==== Source records
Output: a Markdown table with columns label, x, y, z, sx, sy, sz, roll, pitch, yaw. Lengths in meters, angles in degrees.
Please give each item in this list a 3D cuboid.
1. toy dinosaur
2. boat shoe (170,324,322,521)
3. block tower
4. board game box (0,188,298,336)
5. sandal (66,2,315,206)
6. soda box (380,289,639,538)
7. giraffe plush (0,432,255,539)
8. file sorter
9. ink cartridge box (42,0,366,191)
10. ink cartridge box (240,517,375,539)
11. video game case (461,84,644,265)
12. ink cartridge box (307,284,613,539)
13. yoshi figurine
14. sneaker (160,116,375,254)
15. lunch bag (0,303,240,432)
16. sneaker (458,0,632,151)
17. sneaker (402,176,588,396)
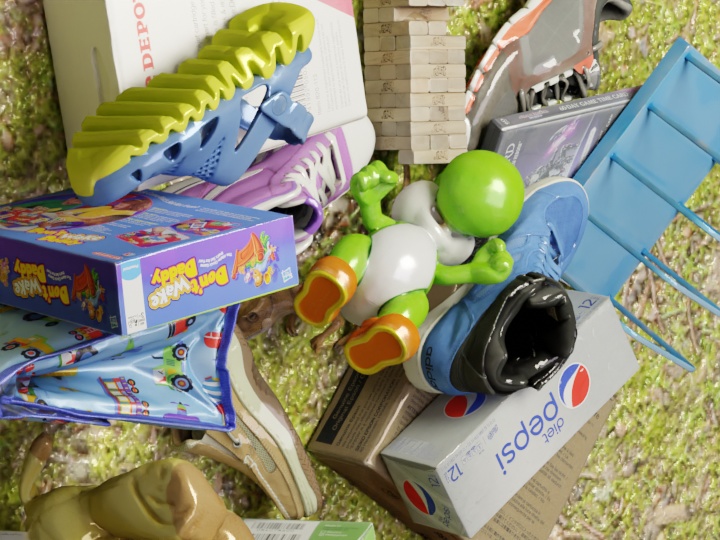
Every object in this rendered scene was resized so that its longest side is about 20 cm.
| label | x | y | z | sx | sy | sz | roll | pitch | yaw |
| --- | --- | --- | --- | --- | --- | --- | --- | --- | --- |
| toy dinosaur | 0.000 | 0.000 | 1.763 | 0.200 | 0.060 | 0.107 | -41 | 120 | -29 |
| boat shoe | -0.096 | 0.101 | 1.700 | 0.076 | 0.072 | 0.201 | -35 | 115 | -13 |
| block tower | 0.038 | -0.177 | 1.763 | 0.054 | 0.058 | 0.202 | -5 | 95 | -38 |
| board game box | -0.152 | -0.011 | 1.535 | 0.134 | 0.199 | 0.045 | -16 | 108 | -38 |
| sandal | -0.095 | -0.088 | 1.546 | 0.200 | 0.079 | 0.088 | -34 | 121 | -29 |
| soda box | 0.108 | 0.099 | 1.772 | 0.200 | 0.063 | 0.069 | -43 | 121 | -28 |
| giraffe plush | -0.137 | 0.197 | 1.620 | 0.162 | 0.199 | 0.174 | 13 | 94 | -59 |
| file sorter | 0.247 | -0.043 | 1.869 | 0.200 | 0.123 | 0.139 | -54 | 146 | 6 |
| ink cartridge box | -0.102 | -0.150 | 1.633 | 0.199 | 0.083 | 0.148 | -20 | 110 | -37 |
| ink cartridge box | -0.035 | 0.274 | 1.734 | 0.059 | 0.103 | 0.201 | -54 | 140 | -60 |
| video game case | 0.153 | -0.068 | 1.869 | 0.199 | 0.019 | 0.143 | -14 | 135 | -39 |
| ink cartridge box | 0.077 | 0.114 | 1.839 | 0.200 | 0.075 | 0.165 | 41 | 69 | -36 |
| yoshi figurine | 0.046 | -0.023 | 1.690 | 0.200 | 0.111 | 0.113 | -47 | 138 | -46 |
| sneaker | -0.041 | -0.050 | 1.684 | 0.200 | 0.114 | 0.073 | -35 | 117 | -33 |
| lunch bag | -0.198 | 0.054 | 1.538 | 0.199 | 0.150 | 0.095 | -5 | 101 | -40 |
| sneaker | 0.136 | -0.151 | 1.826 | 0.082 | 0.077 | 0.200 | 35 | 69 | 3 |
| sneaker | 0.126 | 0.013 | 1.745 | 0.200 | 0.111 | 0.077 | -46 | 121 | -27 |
========
==== Source records
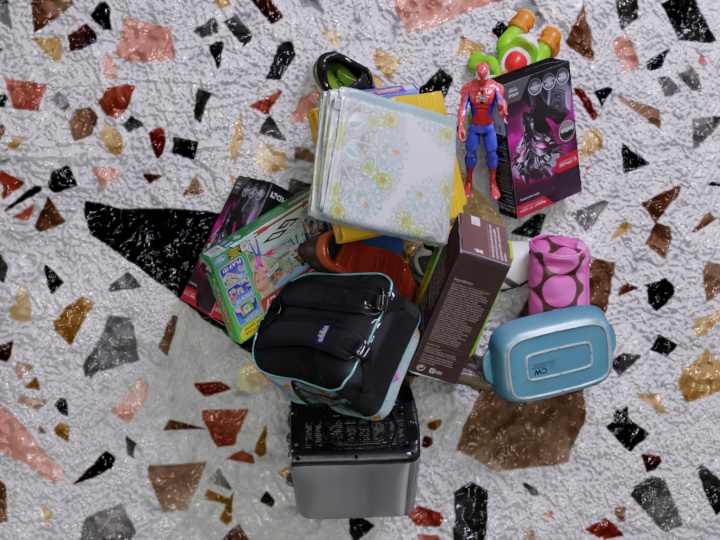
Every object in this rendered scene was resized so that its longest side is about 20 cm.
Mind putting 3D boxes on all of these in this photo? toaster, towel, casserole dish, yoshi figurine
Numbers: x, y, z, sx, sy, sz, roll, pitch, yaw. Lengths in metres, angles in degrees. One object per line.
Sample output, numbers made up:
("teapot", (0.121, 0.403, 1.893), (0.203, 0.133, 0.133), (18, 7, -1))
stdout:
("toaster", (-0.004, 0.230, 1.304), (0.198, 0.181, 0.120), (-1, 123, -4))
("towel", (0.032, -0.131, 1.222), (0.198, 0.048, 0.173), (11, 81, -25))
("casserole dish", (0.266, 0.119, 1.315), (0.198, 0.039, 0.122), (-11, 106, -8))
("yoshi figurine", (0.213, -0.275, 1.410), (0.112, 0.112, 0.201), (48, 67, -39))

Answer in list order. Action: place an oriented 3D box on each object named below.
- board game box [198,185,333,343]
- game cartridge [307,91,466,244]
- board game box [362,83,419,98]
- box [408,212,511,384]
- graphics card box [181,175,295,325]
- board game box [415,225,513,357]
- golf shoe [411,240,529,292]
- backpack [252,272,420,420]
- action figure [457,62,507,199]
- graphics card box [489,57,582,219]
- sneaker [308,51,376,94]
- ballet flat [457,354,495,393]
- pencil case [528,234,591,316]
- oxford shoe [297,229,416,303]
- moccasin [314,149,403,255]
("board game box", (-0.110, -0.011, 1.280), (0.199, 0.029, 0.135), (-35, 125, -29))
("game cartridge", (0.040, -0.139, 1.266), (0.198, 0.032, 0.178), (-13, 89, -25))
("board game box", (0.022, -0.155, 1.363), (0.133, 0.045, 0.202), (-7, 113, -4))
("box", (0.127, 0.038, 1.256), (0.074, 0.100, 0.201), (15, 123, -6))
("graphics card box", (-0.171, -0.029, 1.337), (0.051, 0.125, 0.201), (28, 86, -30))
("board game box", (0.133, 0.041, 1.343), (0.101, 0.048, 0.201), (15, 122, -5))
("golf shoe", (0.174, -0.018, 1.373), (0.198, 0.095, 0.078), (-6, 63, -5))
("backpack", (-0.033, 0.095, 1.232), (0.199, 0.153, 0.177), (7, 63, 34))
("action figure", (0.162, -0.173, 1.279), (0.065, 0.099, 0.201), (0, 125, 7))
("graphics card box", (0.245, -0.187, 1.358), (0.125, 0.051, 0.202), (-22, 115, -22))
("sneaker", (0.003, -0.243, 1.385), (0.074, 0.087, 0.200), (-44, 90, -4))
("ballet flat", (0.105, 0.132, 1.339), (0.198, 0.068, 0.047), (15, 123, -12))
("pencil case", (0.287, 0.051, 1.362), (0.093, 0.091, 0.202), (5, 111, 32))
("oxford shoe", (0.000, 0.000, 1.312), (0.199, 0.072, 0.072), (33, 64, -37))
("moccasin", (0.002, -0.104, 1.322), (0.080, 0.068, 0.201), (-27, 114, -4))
========
The task: Look through the data above and return exactly the lines from the one that contains "- graphics card box [489,57,582,219]" to the one that contains "- oxford shoe [297,229,416,303]", inclusive, with nothing else.

Answer:
- graphics card box [489,57,582,219]
- sneaker [308,51,376,94]
- ballet flat [457,354,495,393]
- pencil case [528,234,591,316]
- oxford shoe [297,229,416,303]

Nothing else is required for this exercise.